Gasparia mangamuka
- Conservation status: Data Deficit (NZ TCS)

Scientific classification
- Kingdom: Animalia
- Phylum: Arthropoda
- Subphylum: Chelicerata
- Class: Arachnida
- Order: Araneae
- Infraorder: Araneomorphae
- Family: Toxopidae
- Genus: Gasparia
- Species: G. mangamuka
- Binomial name: Gasparia mangamuka Forster, 1970

= Gasparia mangamuka =

- Authority: Forster, 1970
- Conservation status: DD

Species of spider

Gasparia mangamuka is a species of Toxopidae spider that is endemic to New Zealand.

==Taxonomy==
This species was described by Ray Forster in 1970 from a female specimen.
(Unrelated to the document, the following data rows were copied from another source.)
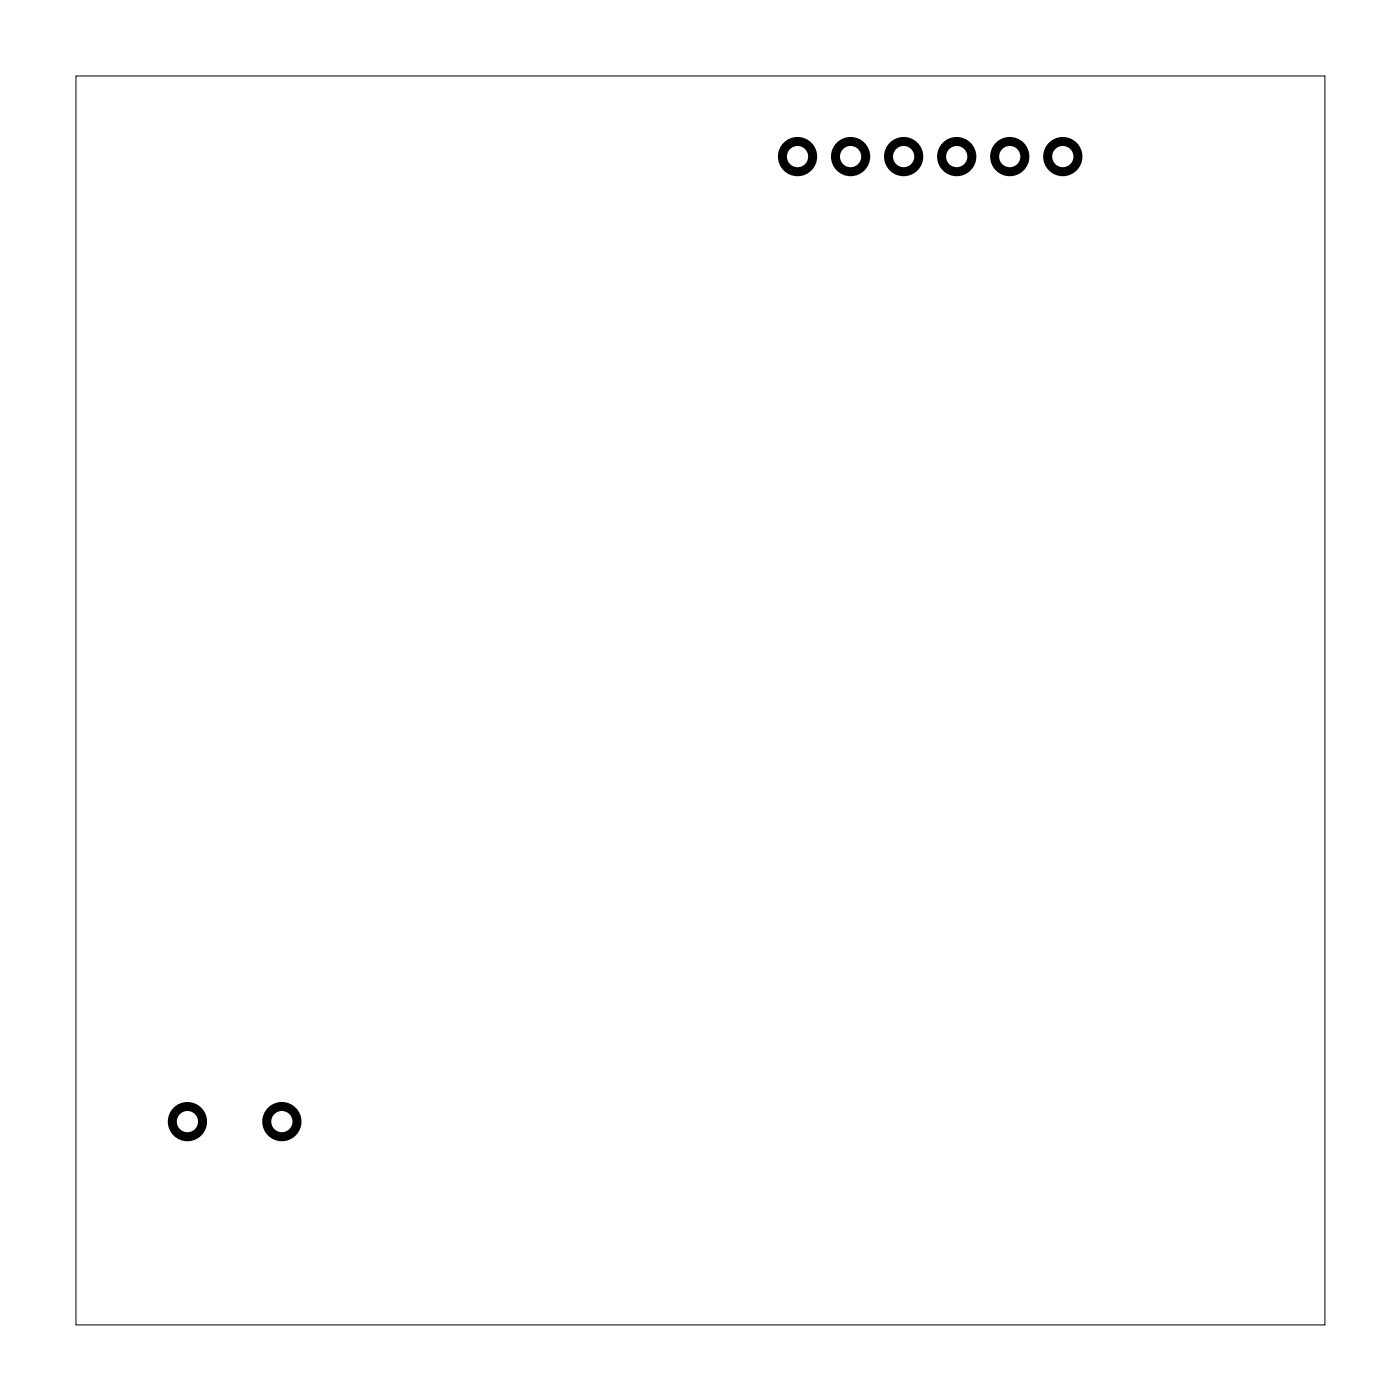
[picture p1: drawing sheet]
<svg xmlns="http://www.w3.org/2000/svg" width="67mm" height="67mm" viewBox="0 0 67 67" stroke-linecap="round" stroke-linejoin="round" font-family="sans-serif">
<path d="M3.6 3.6h59.8v59.8h-59.8z" fill="none" stroke="#000" stroke-width=".05"/>
<g fill="none" stroke="#000" stroke-width=".43">
<circle cx="38.2" cy="7.5" r=".72"/>
<circle cx="40.7" cy="7.5" r=".72"/>
<circle cx="43.3" cy="7.5" r=".72"/>
<circle cx="45.8" cy="7.5" r=".72"/>
<circle cx="48.3" cy="7.5" r=".72"/>
<circle cx="50.9" cy="7.5" r=".72"/>
<circle cx="9" cy="53.7" r=".72"/>
<circle cx="13.5" cy="53.7" r=".72"/>
</g>
</svg>

The holotype is stored in Auckland War Memorial Museum under registration number AMNZ5053.

==Description==
The female is recorded at 2.75mm in length. The carapace and abdomen have various black markings. The legs are pale yellow.

==Distribution==
This species is only known from Mangamuka in Northland, New Zealand.

==Conservation status==
Under the New Zealand Threat Classification System, this species is listed as "Data Deficient" with the qualifiers of "Data Poor: Size", "Data Poor: Trend" and "One Location".